2. The enzyme engineering-based strain culture device convenient for coating according to claim 1, wherein the strain culture device is characterized in that: the anti-sputtering device comprises a first support frame, and is characterized by further comprising an anti-sputtering assembly, wherein the anti-sputtering assembly is arranged on the first support frame and comprises a third support frame, a pushing plate, a fourth spring, a support rod, an arc-shaped slotted support plate, a limiting sliding frame, a sliding support frame, a fifth spring, a one-way ingress pipe, an arc-shaped extrusion plate, a sixth spring and a reset frame, wherein the top of the support cover plate is connected with the third support frame, the pushing plate is connected with the sliding on the third support frame, the fourth spring is connected between the pushing plate and the third support frame, the support rod is connected with the first support frame, one end of the support rod is connected with the arc-shaped slotted support plate, the limiting sliding frame is connected with the limiting sliding frame in a sliding manner, the fifth spring is connected between the sliding support frame and the limiting sliding support frame, the arc-shaped extrusion plate is connected with the sliding support frame in a contact manner, the sixth spring is connected between the arc-shaped slotted support plate and the limiting sliding frame, and the reset frame is connected with the support rod.

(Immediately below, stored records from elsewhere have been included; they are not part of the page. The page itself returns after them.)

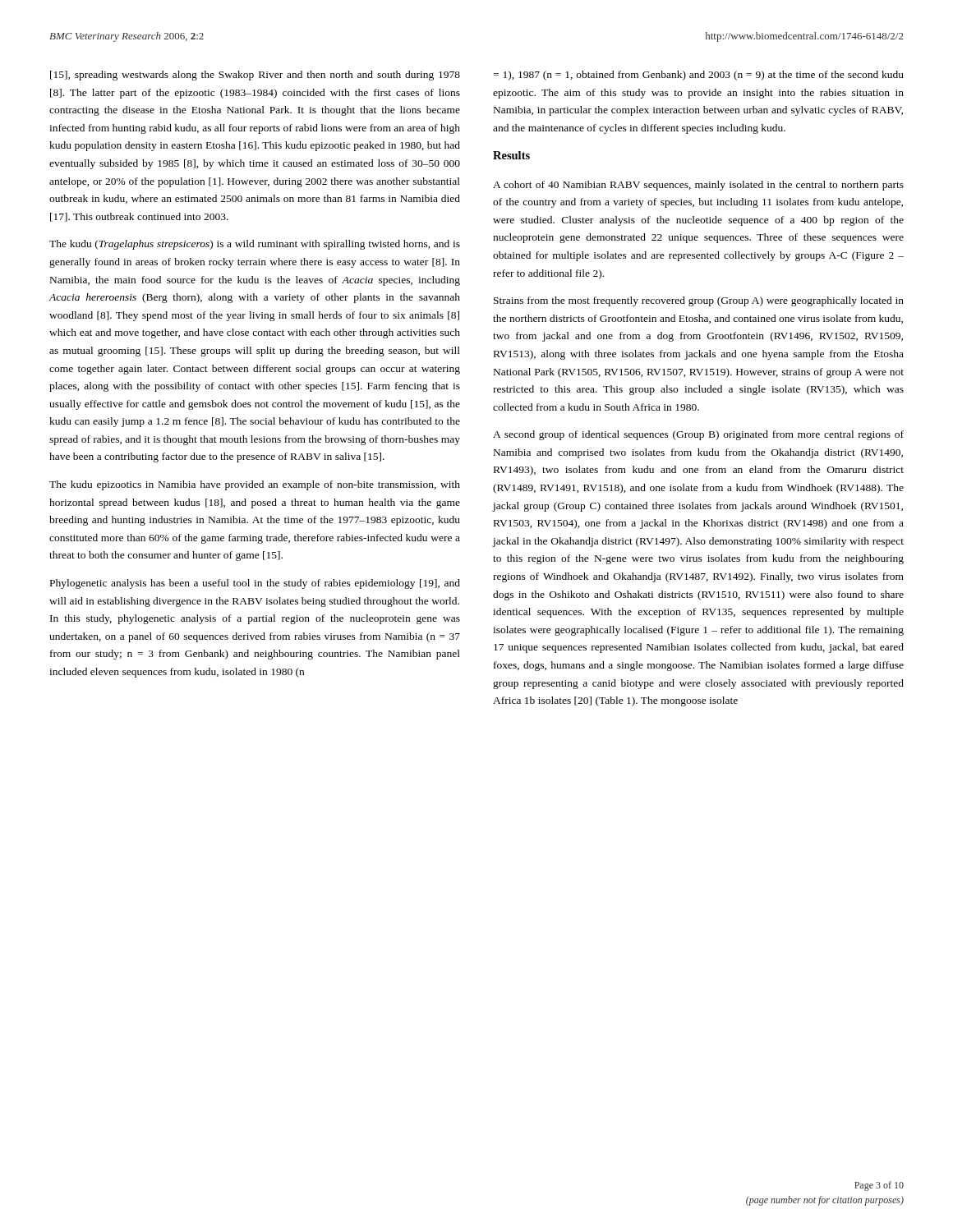The image size is (953, 1232).
Task: Find the block on this page that starts "Strains from the most"
Action: [698, 354]
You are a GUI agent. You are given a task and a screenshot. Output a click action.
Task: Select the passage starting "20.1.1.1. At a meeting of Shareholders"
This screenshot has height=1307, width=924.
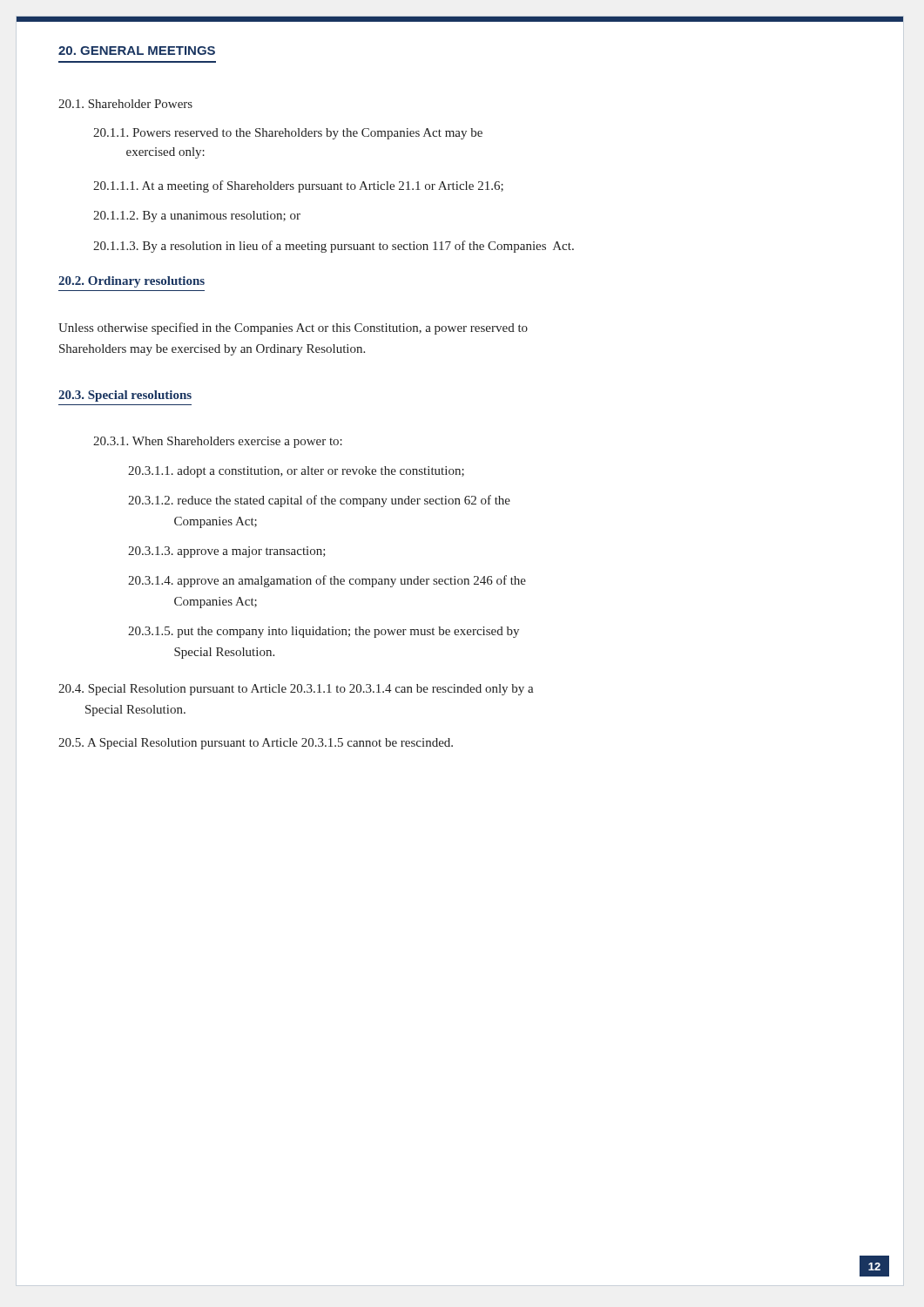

3. The enzyme engineering-based strain culture device convenient for coating according to claim 2, wherein the device is characterized in that: the device comprises a sputtering prevention assembly, and is characterized by further comprising an extrusion assembly, wherein the extrusion assembly is arranged on the sputtering prevention assembly and comprises a fourth support frame, a push plate frame, a seventh spring, a fifth support frame, a liquid storage frame, a threaded cover, a unidirectional guide pipe and a wedge-shaped extrusion block, the fourth support frame is connected to the top of the sliding support frame in a sliding manner, the push plate frame is connected to the sliding support frame in a sliding manner, the seventh spring is connected between the push plate frame and the fourth support frame, the fifth support frame is connected to the top of the limiting sliding frame, the liquid storage frame is connected to the top of the liquid storage frame through threads, the unidirectional guide pipe is communicated with the bottom of the liquid storage frame, the unidirectional guide pipe is communicated with the unidirectional guide pipe, and the wedge-shaped extrusion block is symmetrically connected to one side of the arc-shaped extrusion plate.

4. A strain culture device for facilitating coating based on enzyme engineering according to claim 3, characterized in that: the sealing assembly is arranged on the supporting cover plate and comprises a sliding perforated frame, an eighth spring, a sliding partition plate frame and a guide groove frame, the sliding perforated frame is connected to the top of the supporting cover plate in a sliding mode, the eighth spring is connected between the sliding perforated frame and the supporting cover plate, the sliding partition plate frame is connected to the bottom of the sliding perforated frame in a sliding mode, the guide groove frame is connected to the bottom of the supporting cover plate in a connecting mode, and the guide groove frame is in limiting fit with the sliding partition plate frame.

5. The enzyme engineering-based strain culture device convenient for coating according to claim 4, wherein the strain culture device is characterized in that: the support cover plate is connected with the first support frame, the arc inclined plate is fixedly connected with the first support frame, and the arc inclined plate is in contact with the first limit column.